In many places, I have chosen to change the general into the specific. One of the aspects of the original text is that it contains riddles, whose answers were more or less accessible to its original audience. Many of these are still answerable by modern scholars, but in any case they do not translate readily to a general audience, so I have chosen to answer them instead, or to abuse them to my own purposes.

In general, I have treated other translation difficulties as opportunities as well. In most cases where my source translations were inconsistent and incoherent, I have pursued my own purposes instead, while still making some effort to be consonant with the original.

An occasional overriding interest is to make the result true in its new context, as well as relevant to it: basically, I have tried to avoid saying anything that a developer should know just ain't so. This does make some passages less literal, and arguably more awkward.

On the other hand, one final consideration: poetry trumps everything.


From the beginning, it was my explicit intent to do a specific kind of violence to the Dao De Jing, while staying as true to the letter and spirit of the original as is practical.

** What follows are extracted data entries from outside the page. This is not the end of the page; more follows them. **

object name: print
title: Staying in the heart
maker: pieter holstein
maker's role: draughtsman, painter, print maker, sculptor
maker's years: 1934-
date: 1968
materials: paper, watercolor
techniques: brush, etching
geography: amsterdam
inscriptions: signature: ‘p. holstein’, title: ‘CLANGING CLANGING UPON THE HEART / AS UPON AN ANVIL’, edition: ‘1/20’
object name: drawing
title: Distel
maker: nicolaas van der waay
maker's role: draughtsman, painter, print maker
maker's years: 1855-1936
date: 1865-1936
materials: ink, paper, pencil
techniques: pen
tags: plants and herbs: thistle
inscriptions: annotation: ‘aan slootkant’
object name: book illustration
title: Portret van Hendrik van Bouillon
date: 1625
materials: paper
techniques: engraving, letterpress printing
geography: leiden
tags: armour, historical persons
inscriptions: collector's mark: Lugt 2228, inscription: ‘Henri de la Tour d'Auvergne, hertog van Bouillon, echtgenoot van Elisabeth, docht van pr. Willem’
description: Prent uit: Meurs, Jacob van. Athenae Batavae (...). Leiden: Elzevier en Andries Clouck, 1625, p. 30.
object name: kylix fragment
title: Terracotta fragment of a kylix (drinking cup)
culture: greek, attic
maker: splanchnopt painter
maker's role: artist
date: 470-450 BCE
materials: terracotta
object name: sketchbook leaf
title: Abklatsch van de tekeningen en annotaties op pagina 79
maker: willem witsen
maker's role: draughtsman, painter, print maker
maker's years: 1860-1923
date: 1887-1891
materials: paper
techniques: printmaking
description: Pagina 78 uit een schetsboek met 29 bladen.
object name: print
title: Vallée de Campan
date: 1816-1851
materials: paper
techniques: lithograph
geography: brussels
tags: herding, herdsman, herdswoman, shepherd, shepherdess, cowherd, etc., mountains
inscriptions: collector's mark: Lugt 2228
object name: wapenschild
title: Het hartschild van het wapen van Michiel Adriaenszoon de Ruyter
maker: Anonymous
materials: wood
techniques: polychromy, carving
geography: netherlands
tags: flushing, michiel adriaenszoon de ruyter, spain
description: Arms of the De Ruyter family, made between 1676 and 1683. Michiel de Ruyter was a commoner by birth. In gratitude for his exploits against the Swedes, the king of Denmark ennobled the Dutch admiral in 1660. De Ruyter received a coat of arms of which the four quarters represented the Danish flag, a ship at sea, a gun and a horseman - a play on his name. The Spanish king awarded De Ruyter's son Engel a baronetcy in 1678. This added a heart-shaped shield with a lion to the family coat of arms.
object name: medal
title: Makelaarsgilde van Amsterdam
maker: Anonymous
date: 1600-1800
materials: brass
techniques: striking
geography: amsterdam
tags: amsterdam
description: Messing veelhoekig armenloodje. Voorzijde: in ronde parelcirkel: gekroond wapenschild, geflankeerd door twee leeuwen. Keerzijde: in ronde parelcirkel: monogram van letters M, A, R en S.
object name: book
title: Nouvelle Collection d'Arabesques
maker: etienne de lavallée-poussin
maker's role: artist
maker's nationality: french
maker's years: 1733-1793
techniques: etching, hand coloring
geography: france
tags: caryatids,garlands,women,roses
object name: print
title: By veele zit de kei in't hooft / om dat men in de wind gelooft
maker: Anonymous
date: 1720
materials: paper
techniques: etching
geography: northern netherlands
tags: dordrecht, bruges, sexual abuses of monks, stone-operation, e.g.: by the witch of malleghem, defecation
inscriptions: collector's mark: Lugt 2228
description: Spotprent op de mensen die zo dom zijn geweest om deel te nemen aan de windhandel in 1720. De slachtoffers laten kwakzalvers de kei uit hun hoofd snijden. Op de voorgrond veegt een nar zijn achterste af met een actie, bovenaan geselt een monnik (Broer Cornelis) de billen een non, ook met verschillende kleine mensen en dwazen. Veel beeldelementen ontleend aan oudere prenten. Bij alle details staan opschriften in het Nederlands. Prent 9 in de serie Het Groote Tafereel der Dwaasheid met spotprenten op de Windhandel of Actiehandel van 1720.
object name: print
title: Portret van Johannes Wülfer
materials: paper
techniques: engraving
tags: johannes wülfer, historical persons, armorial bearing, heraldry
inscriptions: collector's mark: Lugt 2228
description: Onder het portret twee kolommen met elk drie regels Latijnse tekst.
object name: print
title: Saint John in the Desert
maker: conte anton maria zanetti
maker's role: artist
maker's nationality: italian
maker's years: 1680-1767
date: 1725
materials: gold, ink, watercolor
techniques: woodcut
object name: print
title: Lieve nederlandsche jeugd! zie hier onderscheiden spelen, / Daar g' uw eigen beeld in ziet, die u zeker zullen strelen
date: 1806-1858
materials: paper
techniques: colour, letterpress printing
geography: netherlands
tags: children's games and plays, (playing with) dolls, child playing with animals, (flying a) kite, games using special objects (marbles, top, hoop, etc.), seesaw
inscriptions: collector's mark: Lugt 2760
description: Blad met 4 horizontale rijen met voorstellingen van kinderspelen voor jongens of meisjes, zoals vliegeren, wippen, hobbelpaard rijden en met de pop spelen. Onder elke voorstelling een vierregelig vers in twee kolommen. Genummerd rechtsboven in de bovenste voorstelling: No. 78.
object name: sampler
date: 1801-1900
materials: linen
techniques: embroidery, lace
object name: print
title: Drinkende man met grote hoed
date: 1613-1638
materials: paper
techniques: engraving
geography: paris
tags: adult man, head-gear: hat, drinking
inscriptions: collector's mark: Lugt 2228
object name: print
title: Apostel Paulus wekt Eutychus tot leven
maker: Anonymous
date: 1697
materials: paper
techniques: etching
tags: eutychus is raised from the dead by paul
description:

Of course, you can look at even the most earnest and literal translation as just such an exercise in specific violence. However, I think there is a difference in whether your intent is simply to represent the original, or if there is some additional interest at work. Thus, while it should be possible to learn the principles of the Dao De Jing by reading _The Way of the Consultant_, a serious student should really seek out a proper translation.

One lesson I have taken from this enterprise: refusing to admit what kind of violence your intent requires leaves you in the position of pretending that you are doing no violence at all. This kind of position is awkward at best; ultimately, I think, it is untenable as standing tiptoe. In the end, I'm afraid, that might be what led Mitchell astray.